Hearing statements like “You’re overreacting” or “You take everything too seriously” are upsetting, often worsening the issues that led to them.
When someone invalidates your feelings, they refuse to accept your thoughts and emotions regarding an incident as true. If someone you care about invalidates your emotions regularly, it can lead to adverse mental health issues like worthlessness and self-isolation.
So, how do you deal with it? Try these things:
Restate your feelings to the invalidator
This is a simple solution, but it should be tried first. Many times, when we express our feelings and thoughts to a person, we don’t pay enough attention to the listener’s current emotional state.
Their timing may be off. They may be having a difficult day or existing in a completely different mental space, heavily restricting their emotional bandwidth.
It’s important to try again with more assertion and clarity in cases like that. So when someone says, “I think you’re overreacting,” you could say, “I don’t think I am, and I feel hurt that my emotions have been dismissed here.”
Always a good idea to give people the benefit of the doubt.
Seek clarity within yourself
One of the many adverse effects of emotional invalidation is that it can cause you to doubt your emotions. Don’t fall into that trap.
Your emotions are valid, and a listener’s ability or inability to accept them should not matter. Vent privately to yourself, processing your feelings without judgment.
Stop sharing with the invalidator
This is the least appealing way but sometimes the most effective. If someone consistently invalidates your feelings, consider setting boundaries.
Spend less time with those who dismiss your emotions and seek out supportive relationships instead.
Read further: This page on Quora where people shared tips on responding to emotional invalidation. Some ways are healthy, others not so much.
How to deal with an angry person
In non-violent, heated situations, there’s usually at least one angry person. Let’s assume that it isn’t you, that you’re on the receiving end of an outburst.
What should you do to de-escalate the situation?

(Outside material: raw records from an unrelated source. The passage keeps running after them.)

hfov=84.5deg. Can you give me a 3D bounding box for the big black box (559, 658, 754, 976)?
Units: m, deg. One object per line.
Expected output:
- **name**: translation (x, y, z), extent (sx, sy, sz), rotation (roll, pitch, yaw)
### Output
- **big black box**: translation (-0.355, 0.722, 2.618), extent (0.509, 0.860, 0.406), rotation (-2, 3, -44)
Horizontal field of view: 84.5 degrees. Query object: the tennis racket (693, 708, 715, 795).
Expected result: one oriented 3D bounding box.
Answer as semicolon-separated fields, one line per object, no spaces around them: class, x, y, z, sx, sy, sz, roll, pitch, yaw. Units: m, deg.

First, don’t do these things:
1. Do not invalidate the person’s feelings. Don’t say “calm down” because that never works.
2. Do not be overly defensive. Show that you don’t like the situation and you’re willing to take steps to resolve it.
3. Don’t get angry too. The worst thing to do in a tense situation is add more heat.
Next, use these tips:
Stay calm
This is easier said than done, but remaining calm can prevent the situation from worsening. Take deep breaths and try to ground yourself.
For example, you can count 1-60 internally very slowly.
Listen actively
Sometimes, angry people just want to be heard. Give your full attention and try to understand their perspective.
Validate their feelings
Emotional validation is a game-changer. It doesn’t mean you accept their behavior, but it does mean you acknowledge the emotions that have led to it.
Use a low, slow voice
Imagine you were pissed about something but the subject of your anger responds to your outburst calmly and softly. Hard to remain fired up, yes?
It works if you do it too!
Bringing it all together
Both responding to invalidation and dealing with an angry person require a strong sense of emotional boundaries. These boundaries are invisible shields meant to protect your emotional well-being in challenging interactions. With them in place, you can maintain your feel-good mood for a longer time, avoid upsetting situations, and remain in control of your emotions.
To establish and maintain healthy emotional boundaries, you need to do these things:
● Know and honor your own feelings and needs
● Communicate these needs clearly and respectfully
● Recognize when others overstep
● Take action to protect your emotional well-being
Emotional boundary setting isn’t selfish; it’s an act of self-respect. If you don’t prioritize protecting your emotions, why should anyone else?
The impact of a professional
If you find yourself consistently struggling with invalidation or managing your responses to anger, it might be helpful to speak with a mental health professional.
They can provide personalized strategies and support as you build your emotional toolkit.